Competitive Landscape & Comparison Tables
For this funding milestone, the most relevant peers are Planet Labs (a public Earth observation company with a large smallsat fleet) and Picterra (a geospatial AI platform focused on analytics rather than owning satellites). While exact API pricing and context windows are often proprietary or customized, the table below provides a directional, analyst-style comparison based on public positioning and typical industry ranges.
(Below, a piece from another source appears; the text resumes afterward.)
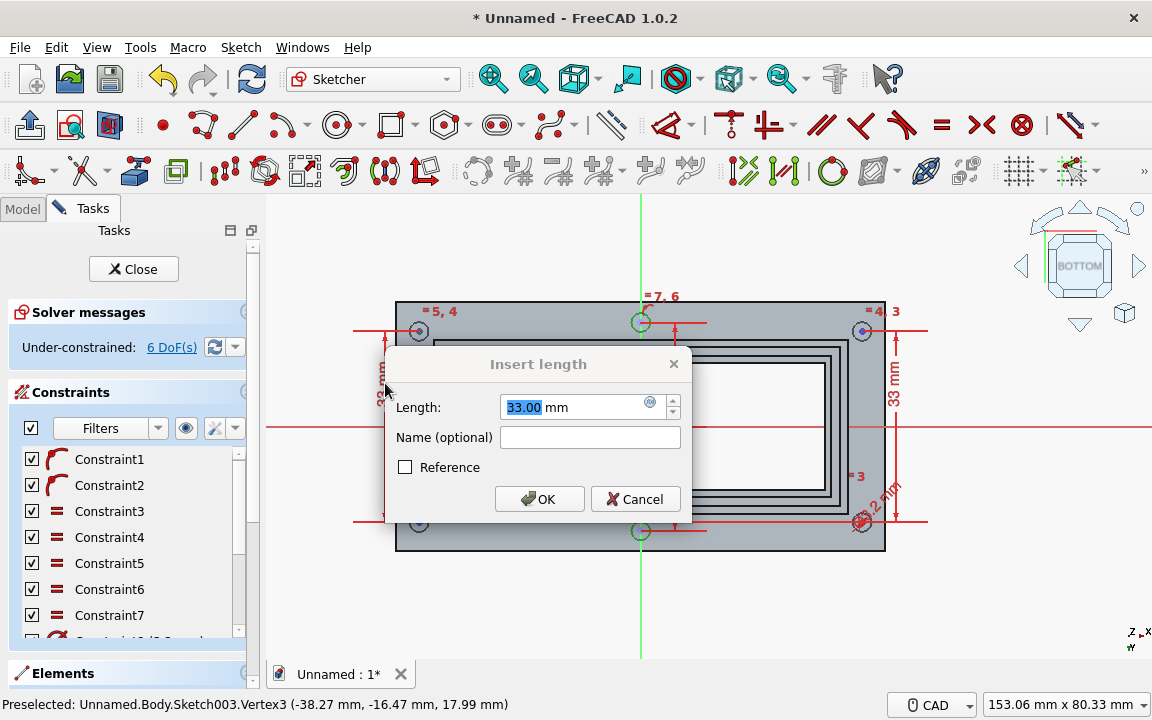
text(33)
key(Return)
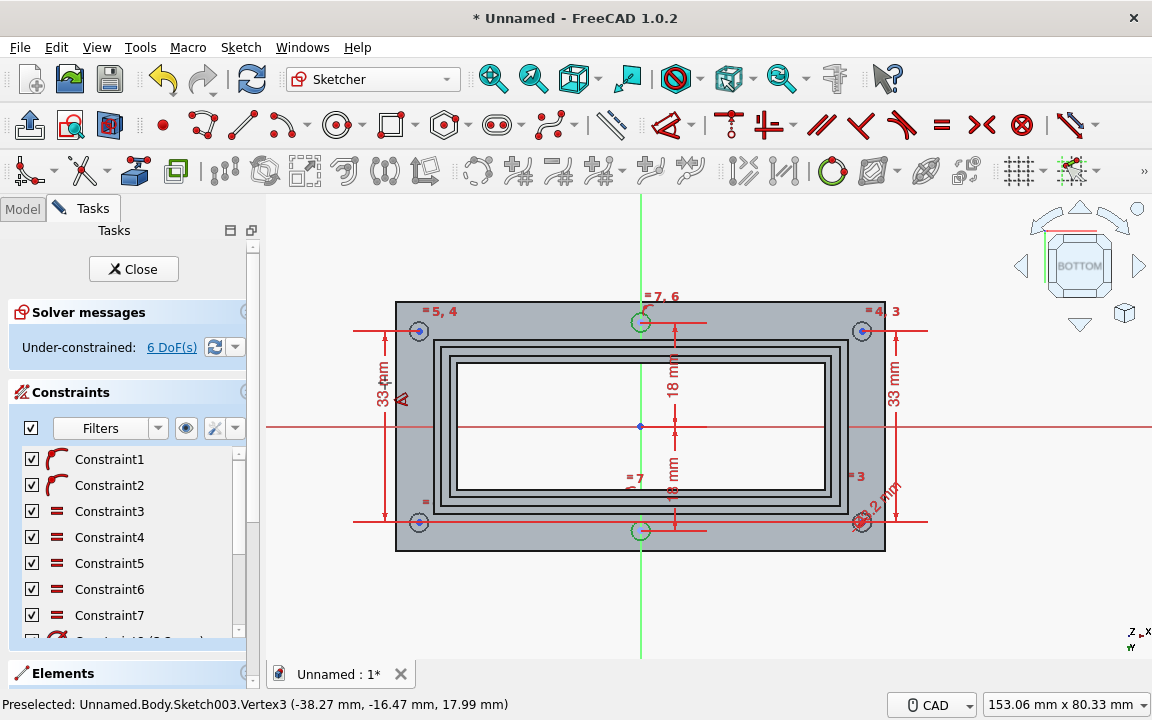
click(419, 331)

Geospatial AI Stack Comparison
| Feature/Metric | Xoople (News Subject) | Planet Labs (Competitor A) | Picterra (Competitor B) |
|---|---|---|---|
| Core focus | High-fidelity satellite data stream for AI “ground truth” | Global daily imagery from large satellite fleet | Cloud geospatial AI platform, model training on third-party data |
| Context Window | Designed for long multi-year time series and dense revisit for deep learning workloads (hours to years per location depending on task) | High-cadence daily to sub-daily imagery with strong historical archive since early 2010s | Depends on customer data ingestion, typically project-based archives |
| Typical pricing model | Enterprise subscriptions and embedded data products | Tiered imagery access and tasking by area, time, and resolution | SaaS pricing by seat and project volume |
| Indicative pricing per 1M tokens | Premium due to sensor quality and AI-ready format | More cost-effective for bulk imagery access at moderate resolution | Cheapest per processed unit when customers bring their own imagery |
| Multimodal support | Imagery, time-series, and metadata integrated for AI pipelines | Imagery plus derived products via partner ecosystems | Imagery, vector layers, and tabular data analytics |
| Agentic capabilities | Automated change detection, alerts, and model-ready feeds | Tasking and alerting APIs with workflows built by partners | Detection model training and workflow automation tools |
| Key partnerships | L3Harris, Microsoft, and Esri-like ecosystems | GIS, defense, and climate-tech partners | GIS providers and enterprise imagery owners |
From a strategic standpoint, Xoople appears to “win” on data quality and AI-native design, offering premium, tightly integrated streams that can power advanced models with fewer preprocessing steps. Planet Labs remains stronger for broad, cost-efficient coverage at scale, while Picterra is likely more attractive for enterprises that already own imagery and mainly need flexible geospatial AI tooling.
Bayelsa Watch’s Takeaway
In my experience, funding rounds of this size in geospatial AI signal that the market is shifting from proof-of-concept pilots to real, budget-backed deployments across governments and big enterprise verticals. I think this is a big deal because Xoople is not just launching more satellites; it is explicitly architecting its data as infrastructure for AI models, which could make it a default “Earth layer” for everything from climate-risk LLMs to logistics copilots.
While the premium positioning may limit appeal for low-margin, high-volume users, the combination of sensor quality, unicorn-level backing, and deep integrations with platforms like Microsoft and Esri-style ecosystems feels structurally bullish for both Xoople and the broader AI-plus-space thesis.